Once I've get him cleaned up and back into shape, we squeezed out the door and I settled him into the carrier. I  invaded the flight attendants' space for a while as I rocked and cooed, in an attempt to get the little guy to sleep.

That plane backfired however, when a male flight attendant came along and ordered us back to our seat. The baby was wide awake.

I still had in him the carrier and he was sucking like crazy on his fingers - a sure sign that he was tired. But the guy in the middle seat was talking and making funny faces at Benjamin and I couldn't think of a polite way to tell him to knock it off.

Finally, I covered Ben with a coat and closed my eyes. Not very subtle. Ben closes his eyes for a few minutes and then concludes he's not ready for sleep. He pokes me a few times to make sure that I'm aware of his decision.

I pretend to snooze.

He makes a more determined effort, this time poking my face with his grubby little finger.

Except he misses and his finger goes up my nose.

I feel a pop and when I put my hand up to my face, it comes away covered in blood. Covered.

My darling child has given me a monster of a bloody nose.

There is blood on him, on my face, on my clothes, on the seat. I grope around for diaper wipes, while trying to shield my face from the guy sitting next to me.

It will not stop bleeding.

Finally it slows down and I am able to get mostly cleaned up. But that doesn't stop me from repeatedly wiping my face for the remainder of the flight, convinced that I still have goop smeared across my schnoz. I even ask the flight attendant before I get off to check me out - to make sure I'm blood-free.

Ben's eyes are as big as saucers and he's agitated. In an effort to soothe him, I reach for his bottle of milk and pop open the top.

Except that I forgot that liquids are [de]pressurized at altitude and the container spews milk everywhere, including all over the heads of the snoozing passengers in front of us. Two rows of people have just been rudely awakened by a mystery substance running down their faces.

By this point I'm apologizing profusely and trying to soothe a very agitated babe. The newly awaked passengers are pretty good sports. They pass around napkins to wipe themselves off. The bald guy directly in front of us spends a few minutes moping down his shiny pate. "What is it?" he asks.

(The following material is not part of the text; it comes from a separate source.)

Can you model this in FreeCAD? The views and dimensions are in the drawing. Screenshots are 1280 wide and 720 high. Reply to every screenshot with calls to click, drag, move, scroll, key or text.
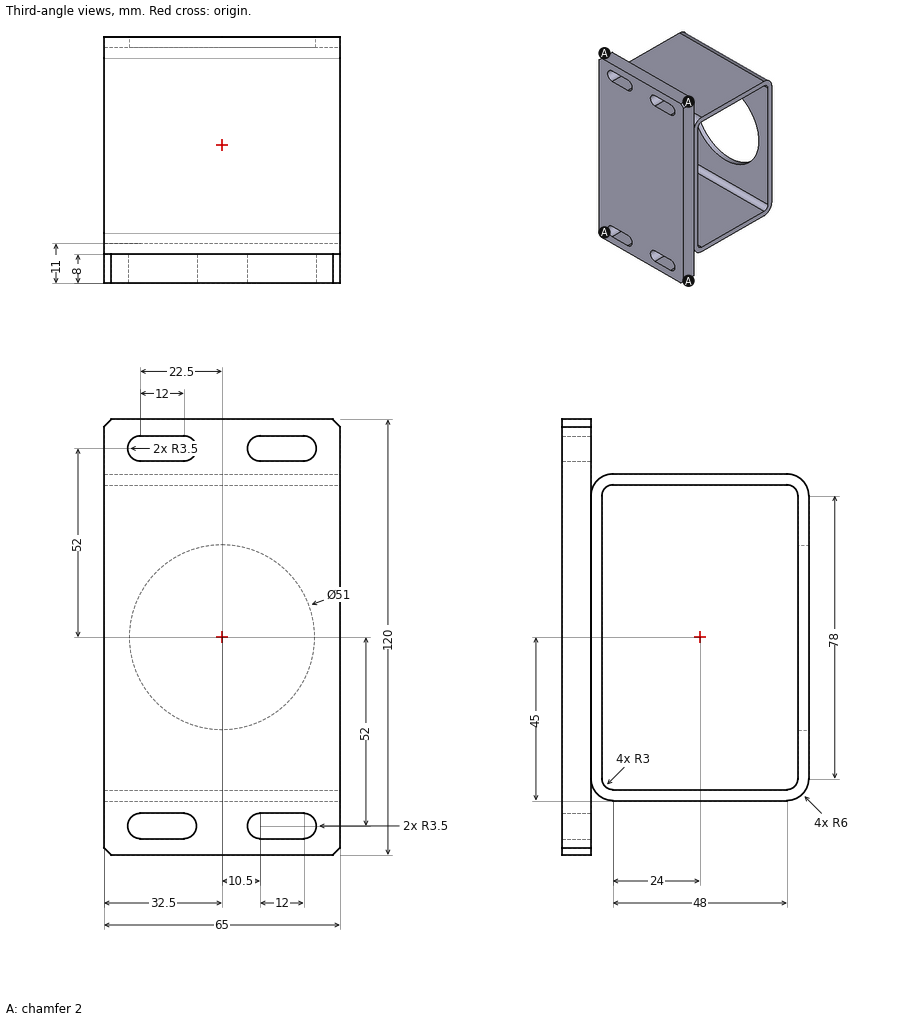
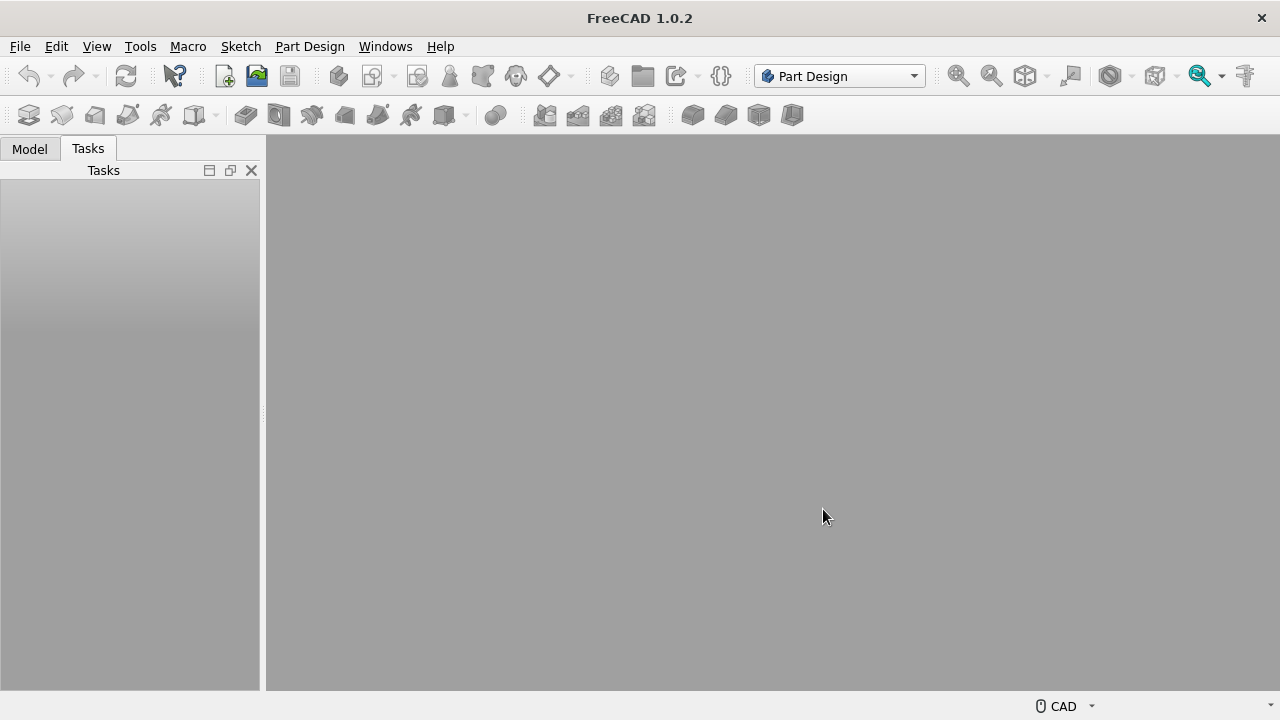
click(224, 76)

"Milk", I say. "From a baby's bottle".

Except I forget to mention why type of milk it is. It's cow's milk, but given that I was nursing the baby in our row as they boarded the plane, they probably think its breast milk. I don't realize my omission until we've left the terminal.

Upon landing, all the passengers disembark but I find myself still collecting Ben's toys, bloody wipes, and other items left over from the flight. The flight attendants are [nicely] trying to hurry me along; they've had a long day and this is their last flight. I get everything stuffed into the backpack and we wobble down the aisle.

Grateful to have survived the flight.

[The ride home from Anchorage to Seattle, in contrast, was lovely. Ben got his own seat and was happy to spend his time chowing down on ginger snaps and ogling the little girl in back of us. That flight started on a dramatic note, although I was thankful that it had nothing to do with us: airport police were in the process of arresting a woman that had hit another passenger over the head with her carry-on before boarding. She was visibly intoxicated and was screaming/swearing/spitting like crazy as we checked in. It took them ten minutes to fold her into the police car due to her erratic shenanigans. What a wacko.]